Top of Data supplied

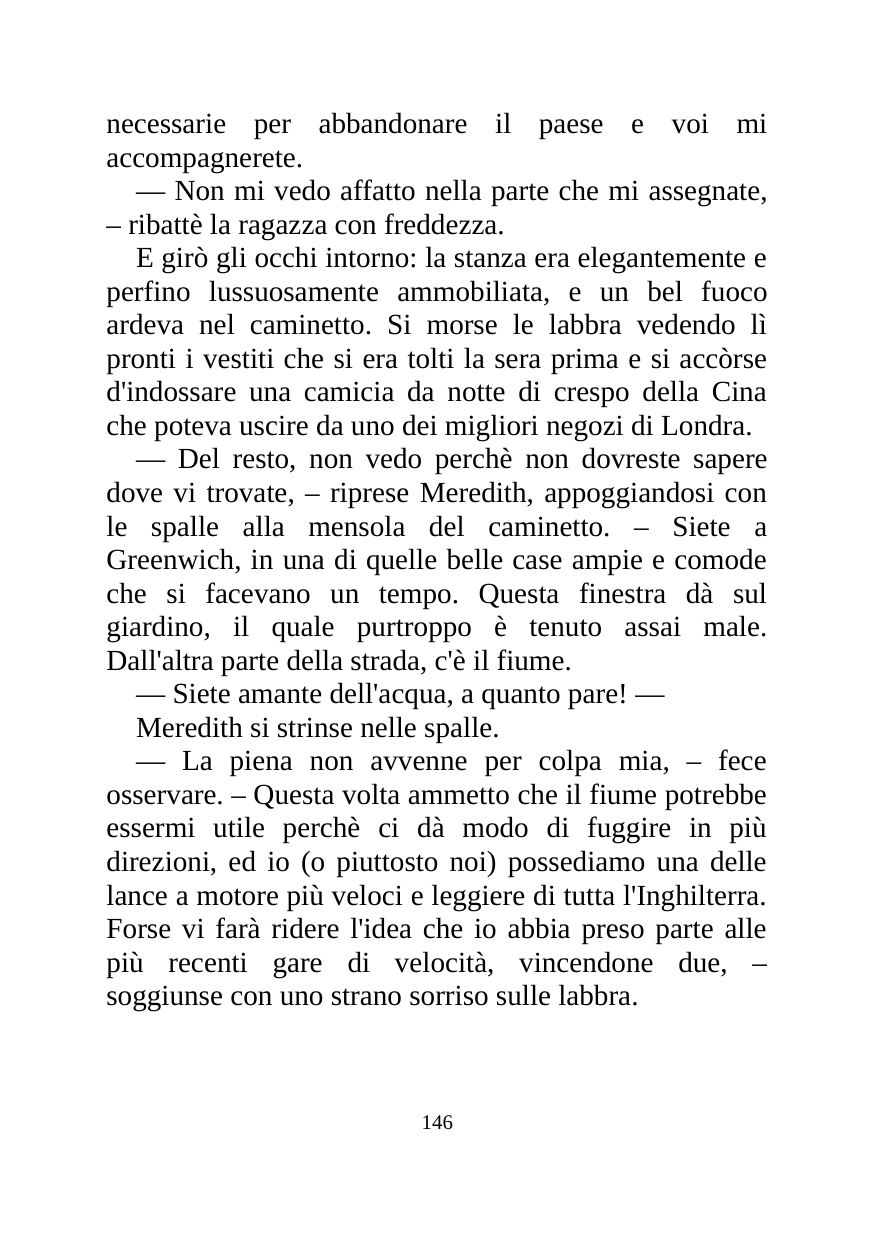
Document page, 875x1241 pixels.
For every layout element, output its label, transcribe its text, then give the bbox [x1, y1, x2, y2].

text — Siete amante dell'acqua, a quanto pare! — [106, 676, 768, 710]
text — Del resto, non vedo perchè non dovreste sapere dove vi trovate, – riprese Meredith, appoggiandosi con le spalle alla mensola del caminetto. – Siete a Greenwich, in una di quelle belle case ampie e comode che si facevano un tempo. Questa finestra dà sul giardino, il quale purtroppo è tenuto assai male. Dall'altra parte della strada, c'è il fiume. [106, 442, 768, 676]
text E girò gli occhi intorno: la stanza era elegantemente e perfino lussuosamente ammobiliata, e un bel fuoco ardeva nel caminetto. Si morse le labbra vedendo lì pronti i vestiti che si era tolti la sera prima e si accòrse d'indossare una camicia da notte di crespo della Cina che poteva uscire da uno dei migliori negozi di Londra. [106, 240, 768, 442]
text Meredith si strinse nelle spalle. [106, 710, 768, 743]
text — Non mi vedo affatto nella parte che mi assegnate, – ribattè la ragazza con freddezza. [106, 173, 768, 240]
text necessarie per abbandonare il paese e voi mi accompagnerete. [106, 106, 768, 173]
text — La piena non avvenne per colpa mia, – fece osservare. – Questa volta ammetto che il fiume potrebbe essermi utile perchè ci dà modo di fuggire in più direzioni, ed io (o piuttosto noi) possediamo una delle lance a motore più veloci e leggiere di tutta l'Inghilterra. Forse vi farà ridere l'idea che io abbia preso parte alle più recenti gare di velocità, vincendone due, – soggiunse con uno strano sorriso sulle labbra. [106, 743, 768, 1012]

Bottom of Data supplied

## Exercise directions
Each line from the one with "text necessarie per" through the last line of the material is to be retyped exactly, and no other line is.

## Output for this exercise
text necessarie per abbandonare il paese e voi mi accompagnerete. [106, 106, 768, 173]
text — La piena non avvenne per colpa mia, – fece osservare. – Questa volta ammetto che il fiume potrebbe essermi utile perchè ci dà modo di fuggire in più direzioni, ed io (o piuttosto noi) possediamo una delle lance a motore più veloci e leggiere di tutta l'Inghilterra. Forse vi farà ridere l'idea che io abbia preso parte alle più recenti gare di velocità, vincendone due, – soggiunse con uno strano sorriso sulle labbra. [106, 743, 768, 1012]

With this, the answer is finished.